Although primarily a programming language suite, Acornsoft released its P-System product featuring UCSD Pascal and Fortran 77 compilers as part of its business range. Developed by TDI for Acornsoft, the product required a 6502 second processor and disc system, preferably with two drives. Despite the £299 price, various tools including an assembler and linker were omitted from the product, these being made available in a separate Advanced Development Toolkit from TDI.

==Acornsoft Languages range==
Acorn systems came with a version of the BBC BASIC programming language as standard but Acornsoft also produced a wide range of other languages that could be loaded in by cassette or disc or in some cases, supplied in ROM form.

- L01 FORTH (BBC 1982, Electron 1983)
- L02 LISP (BBC 1982, Electron 1983, Electron ROM cartridge 1984)
- L03 BCPL (BBC 1983)
- L04 Microtext (BBC 1983)
- L05 6502 Development System (BBC 1985)
- L06 Logo (BBC 1983, Electron ROM cartridge 1985)
- L07 Turtle Graphics (BBC 1983, Electron 1984)
- L08 S-Pascal (BBC 1983, Electron 1984)
- L09 LISP Demonstrations (BBC 1984)
- L10 BCPL Calculations Package (BBC 198?)
- L11
- L12 BCPL Stand Alone Generator (BBC 1983)
- L13 FORTH – ROM version (BBC 1984)
- L14 LISP – ROM version (BBC 1982)
- L15
- L16
- L17 PROLOG Micro (BBC 1985)
- L18 ISO-Pascal (BBC 1984, Electron ROM cartridge 1985)
- L19 COMAL (BBC 1984).
- L20
- L21
- L22 BASIC Editor (BBC 1985)
- L23 Termulator (BBC 1987)
- L24 ISO-Pascal Stand Alone Generator (BBC 198?)

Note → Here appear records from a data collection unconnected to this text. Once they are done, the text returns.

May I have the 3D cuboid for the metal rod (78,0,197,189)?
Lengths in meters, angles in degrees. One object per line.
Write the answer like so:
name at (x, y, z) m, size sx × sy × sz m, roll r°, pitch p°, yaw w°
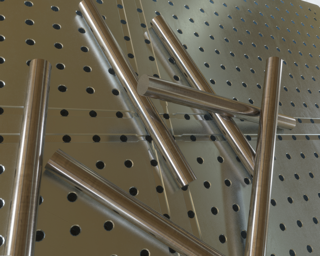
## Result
metal rod at (-0.037, -0.056, 0.422) m, size 0.025 × 0.025 × 0.299 m, roll -19°, pitch 72°, yaw -35°

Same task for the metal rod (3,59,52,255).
metal rod at (-0.130, 0.055, 0.304) m, size 0.025 × 0.025 × 0.299 m, roll 8°, pitch 58°, yaw -24°

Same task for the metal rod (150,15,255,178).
metal rod at (0.070, -0.053, 0.477) m, size 0.025 × 0.025 × 0.299 m, roll -21°, pitch 73°, yaw -36°

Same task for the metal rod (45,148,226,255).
metal rod at (0.010, 0.116, 0.342) m, size 0.301 × 0.025 × 0.025 m, roll 34°, pitch 51°, yaw -6°

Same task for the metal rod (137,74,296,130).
metal rod at (0.101, -0.029, 0.444) m, size 0.302 × 0.025 × 0.025 m, roll 10°, pitch 57°, yaw -36°

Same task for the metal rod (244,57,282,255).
metal rod at (0.147, 0.028, 0.431) m, size 0.025 × 0.025 × 0.300 m, roll 21°, pitch 65°, yaw -16°

The relative performance of some of Acornsoft's languages was evaluated using a benchmark based on the Takeuchi function, Tak by former Acornsoft managing director, David Johnson-Davies, noting that "it is difficult to imagine a language that performs badly on Tak being much use for anything", illustrating a diversity amongst these language implementations in terms of readability, speed and generated code size. A follow-up article expanded the comparison to other language implementations such as Oxford Pascal, Z80 versions of BBC BASIC, Turbo Pascal and Small-C.

==Acornsoft Graphics range and more==
The graphics range was used to demonstrate the graphical power of the Acorn computers but only three titles were made available. The X?? code was then used for other types of software.

- X01 Creative Graphics (BBC 198?, Electron 1983)
- X02 Graphs & Charts (BBC 198?, Electron 1983)
- X03 Picture Maker (BBC 1983, Electron 1984)
- X04 Shirley Conran's Magic Garden (BBC 1983)
- X05 Collector's Catalogue (BBC 198?)
- X06 Membership Manager (BBC 198?)
- X07 One To Nine (BBC 198?)
- X08 Hooked on Numbers (BBC 1983)
- X09
- X10 Complete Cocktail Maker (BBC 198?, Electron 1984)
- X11 Paul Daniels' Magic Show (BBC 198?, Electron 1984)
- X12 100 Programs for the BBC Micro (BBC 198?)
- X13 Linkword French (BBC 1984)
- X14 Linkword Italian (BBC 1984)
- X15 Linkword Spanish (BBC 1984)
- X16 Linkword German (BBC 1984)
- X17 Watch Your Weight (BBC 198?, Electron 1984)
- X18 Me & My Micro (Electron 1984)

The range took on various themes including Creative Sound (X26).